Polymorphisms in ADRB2 gene can modulate the response to bronchodilators and the severity of cystic fibrosis
1 Department of Pediatrics, School of Medical Sciences, University of Campinas, 13081-970, P.O. Box: 6111, Campinas, SP, Brazil
2 Department of Genetics, Faculty of Medical Sciences, University of Campinas, 13081-970, P.O. Box: 6111, Campinas, SP, Brazil
BMC Pulmonary Medicine 2012, 12:50 doi:10.1186/1471-2466-12-50Published: 5 September 2012
The most common cystic fibrosis (CF) manifestation is the progressive chronic obstructive pulmonary disease caused by deficiency, dysfunction, or absence of the CFTR (Cystic Fibrosis Transmembrane Regulator) protein on the apical surface of the cells in the respiratory tract. The use of bronchodilators (BD), and inhaled corticosteroids (IC) have been suggested for the management of airway inflammation in CF. The effectiveness of BD and IC have been verified, proven in laboratory and in the clinical treatment for asthma patients. However, in CF, the effectiveness of these drugs is controversial. The extent of asthma’s response to BD depends on the presence of polymorphisms in the ADRB2 gene. In contrast, in CF, little is known about the response to the BD and the association of CF´s severity with the different polymorphisms in ADRB2 gene. In this context, our objective was to verify whether the Arg16Gly and Glu27Gln polymorphisms in ADRB2 gene are associated with severity and with the bronchodilator response in CF patients.

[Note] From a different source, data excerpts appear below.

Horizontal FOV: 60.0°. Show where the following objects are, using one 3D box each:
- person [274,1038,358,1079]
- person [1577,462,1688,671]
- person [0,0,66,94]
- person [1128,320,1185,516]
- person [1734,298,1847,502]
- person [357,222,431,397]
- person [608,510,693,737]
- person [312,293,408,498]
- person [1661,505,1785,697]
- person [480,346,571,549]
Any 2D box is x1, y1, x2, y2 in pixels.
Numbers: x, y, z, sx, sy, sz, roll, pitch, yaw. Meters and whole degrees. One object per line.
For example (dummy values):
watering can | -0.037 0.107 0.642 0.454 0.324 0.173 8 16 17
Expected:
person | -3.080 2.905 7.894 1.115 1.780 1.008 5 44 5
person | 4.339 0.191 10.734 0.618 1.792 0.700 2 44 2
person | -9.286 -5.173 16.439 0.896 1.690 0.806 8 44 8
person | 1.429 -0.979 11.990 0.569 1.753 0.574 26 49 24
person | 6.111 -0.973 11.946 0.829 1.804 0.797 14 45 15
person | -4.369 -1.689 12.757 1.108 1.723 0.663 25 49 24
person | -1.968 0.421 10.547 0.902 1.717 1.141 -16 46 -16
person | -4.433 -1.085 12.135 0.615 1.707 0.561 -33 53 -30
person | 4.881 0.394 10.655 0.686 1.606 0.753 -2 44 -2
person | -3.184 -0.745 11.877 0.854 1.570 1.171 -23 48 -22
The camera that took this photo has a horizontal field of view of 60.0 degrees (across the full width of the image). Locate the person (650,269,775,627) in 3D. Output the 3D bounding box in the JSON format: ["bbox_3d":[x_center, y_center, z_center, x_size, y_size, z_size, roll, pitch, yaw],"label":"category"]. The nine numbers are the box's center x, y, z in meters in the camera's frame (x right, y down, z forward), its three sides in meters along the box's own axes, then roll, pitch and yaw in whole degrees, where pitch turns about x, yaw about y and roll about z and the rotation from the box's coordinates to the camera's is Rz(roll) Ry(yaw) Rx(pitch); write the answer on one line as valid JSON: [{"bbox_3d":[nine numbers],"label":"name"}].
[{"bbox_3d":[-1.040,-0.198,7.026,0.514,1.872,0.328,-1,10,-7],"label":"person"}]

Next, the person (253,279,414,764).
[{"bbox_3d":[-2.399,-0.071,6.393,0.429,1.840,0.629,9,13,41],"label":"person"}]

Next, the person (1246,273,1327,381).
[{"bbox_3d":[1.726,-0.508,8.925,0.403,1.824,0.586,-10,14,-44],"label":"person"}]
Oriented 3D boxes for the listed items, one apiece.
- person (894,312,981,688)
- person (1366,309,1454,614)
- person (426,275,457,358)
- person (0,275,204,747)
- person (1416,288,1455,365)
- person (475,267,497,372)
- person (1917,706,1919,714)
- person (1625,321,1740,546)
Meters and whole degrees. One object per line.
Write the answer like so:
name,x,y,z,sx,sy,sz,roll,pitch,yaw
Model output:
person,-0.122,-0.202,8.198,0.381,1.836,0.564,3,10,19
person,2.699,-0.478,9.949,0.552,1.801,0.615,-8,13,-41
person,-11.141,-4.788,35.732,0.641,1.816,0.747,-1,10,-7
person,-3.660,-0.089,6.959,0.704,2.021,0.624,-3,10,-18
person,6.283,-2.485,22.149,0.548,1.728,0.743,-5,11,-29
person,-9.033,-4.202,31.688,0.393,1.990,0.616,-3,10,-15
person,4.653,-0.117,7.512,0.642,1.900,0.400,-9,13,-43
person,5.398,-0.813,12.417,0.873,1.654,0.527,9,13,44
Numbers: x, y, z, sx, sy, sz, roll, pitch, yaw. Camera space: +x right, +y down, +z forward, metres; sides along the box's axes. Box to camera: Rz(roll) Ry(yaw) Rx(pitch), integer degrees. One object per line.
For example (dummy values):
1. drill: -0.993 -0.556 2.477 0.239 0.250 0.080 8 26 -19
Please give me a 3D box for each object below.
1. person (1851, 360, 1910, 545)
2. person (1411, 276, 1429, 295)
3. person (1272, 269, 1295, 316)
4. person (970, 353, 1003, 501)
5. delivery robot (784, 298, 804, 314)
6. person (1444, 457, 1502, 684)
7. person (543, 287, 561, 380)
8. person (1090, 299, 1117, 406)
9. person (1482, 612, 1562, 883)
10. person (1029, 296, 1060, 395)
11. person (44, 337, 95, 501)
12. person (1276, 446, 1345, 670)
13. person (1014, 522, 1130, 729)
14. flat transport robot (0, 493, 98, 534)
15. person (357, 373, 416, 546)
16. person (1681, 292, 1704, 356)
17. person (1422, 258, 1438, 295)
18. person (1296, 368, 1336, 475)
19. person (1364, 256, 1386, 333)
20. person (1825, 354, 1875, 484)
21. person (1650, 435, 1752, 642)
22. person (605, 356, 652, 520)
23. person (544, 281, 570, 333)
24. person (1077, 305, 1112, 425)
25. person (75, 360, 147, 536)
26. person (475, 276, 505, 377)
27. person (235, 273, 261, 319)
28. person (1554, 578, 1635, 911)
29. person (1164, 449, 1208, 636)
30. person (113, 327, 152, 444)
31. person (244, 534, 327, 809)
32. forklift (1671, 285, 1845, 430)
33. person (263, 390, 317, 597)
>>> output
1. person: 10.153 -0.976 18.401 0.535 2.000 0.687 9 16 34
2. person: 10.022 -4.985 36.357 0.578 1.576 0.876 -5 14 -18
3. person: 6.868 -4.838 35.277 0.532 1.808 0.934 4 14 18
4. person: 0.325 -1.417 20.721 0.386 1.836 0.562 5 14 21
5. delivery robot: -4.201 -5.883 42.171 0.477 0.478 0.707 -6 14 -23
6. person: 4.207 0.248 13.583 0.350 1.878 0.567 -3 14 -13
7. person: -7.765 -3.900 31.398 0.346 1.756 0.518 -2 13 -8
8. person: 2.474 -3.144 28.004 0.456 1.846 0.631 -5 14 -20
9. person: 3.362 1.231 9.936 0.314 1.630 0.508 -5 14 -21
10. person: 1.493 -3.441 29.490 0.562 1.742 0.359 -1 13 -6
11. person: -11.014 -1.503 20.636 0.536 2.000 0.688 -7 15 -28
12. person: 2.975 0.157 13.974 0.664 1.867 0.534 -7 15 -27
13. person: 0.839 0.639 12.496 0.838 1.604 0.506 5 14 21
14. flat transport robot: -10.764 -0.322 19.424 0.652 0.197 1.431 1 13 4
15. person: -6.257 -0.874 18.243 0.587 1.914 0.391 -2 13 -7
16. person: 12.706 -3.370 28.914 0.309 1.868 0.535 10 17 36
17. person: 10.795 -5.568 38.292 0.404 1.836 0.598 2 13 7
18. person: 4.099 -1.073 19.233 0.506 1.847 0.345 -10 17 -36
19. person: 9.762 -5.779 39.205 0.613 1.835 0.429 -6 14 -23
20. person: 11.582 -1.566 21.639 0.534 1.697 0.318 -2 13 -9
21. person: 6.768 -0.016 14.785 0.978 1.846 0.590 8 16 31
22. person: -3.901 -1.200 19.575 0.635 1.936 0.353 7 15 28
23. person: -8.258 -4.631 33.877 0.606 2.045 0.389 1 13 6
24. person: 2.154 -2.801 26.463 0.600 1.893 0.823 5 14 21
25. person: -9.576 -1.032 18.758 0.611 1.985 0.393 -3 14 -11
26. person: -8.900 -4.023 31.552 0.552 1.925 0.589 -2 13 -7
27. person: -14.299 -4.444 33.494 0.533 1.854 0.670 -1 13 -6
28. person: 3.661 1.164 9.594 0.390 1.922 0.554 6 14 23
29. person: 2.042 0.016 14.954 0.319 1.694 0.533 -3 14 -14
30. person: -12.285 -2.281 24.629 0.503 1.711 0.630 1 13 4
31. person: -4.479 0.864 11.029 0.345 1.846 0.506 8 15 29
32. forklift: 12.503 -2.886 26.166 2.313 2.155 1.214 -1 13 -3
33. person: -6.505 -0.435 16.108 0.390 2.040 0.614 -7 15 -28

Cross-sectional study of 122 CF patients subjected to analysis of mutations in the CFTR gene, polymorphisms in ADRB2 gene, along with clinical and laboratorial characteristics of severity.
The Arg16Gly polymorphism in ADRB2 gene was associated with pancreatic insufficiency(p:0.009), Bhalla score(p:0.039), forced expiratory volume in the first second[FEV1(%)](p:0.003), forced expiratory flow between 25 and 75% of the forced vital capacity-FVC[FEF25-75(%)](p:0.008) and lower age at the first isolation of the Pseudomonas aeruginosa(p:0.012). The response to the BD spirometry was associated with clinical severity markers, FEV1(%)(p:0.011) and FEF25-75(%)(p:0.019), for the Arg16Gly polymorphism in the ADRB2 gene. The haplotype analysis showed association with the FEV1/FVC marker from the spirometry test, before and after using the BD, with higher values in the group with Gly/Gly and Glu/Glu, respectively, for the Arg16Gly and Gln27Glu polymorphisms. The analysis by MDR2.0 software, showed association with FEF25-75%; the response to Arg16Gly was respondent by 17.35% and Gln27Glu by 6.8% in variation found.
There was an association between the Arg16Gly and Gln27Glu polymorphisms in ADRB2 gene with CF´s severity and bronchodilator response.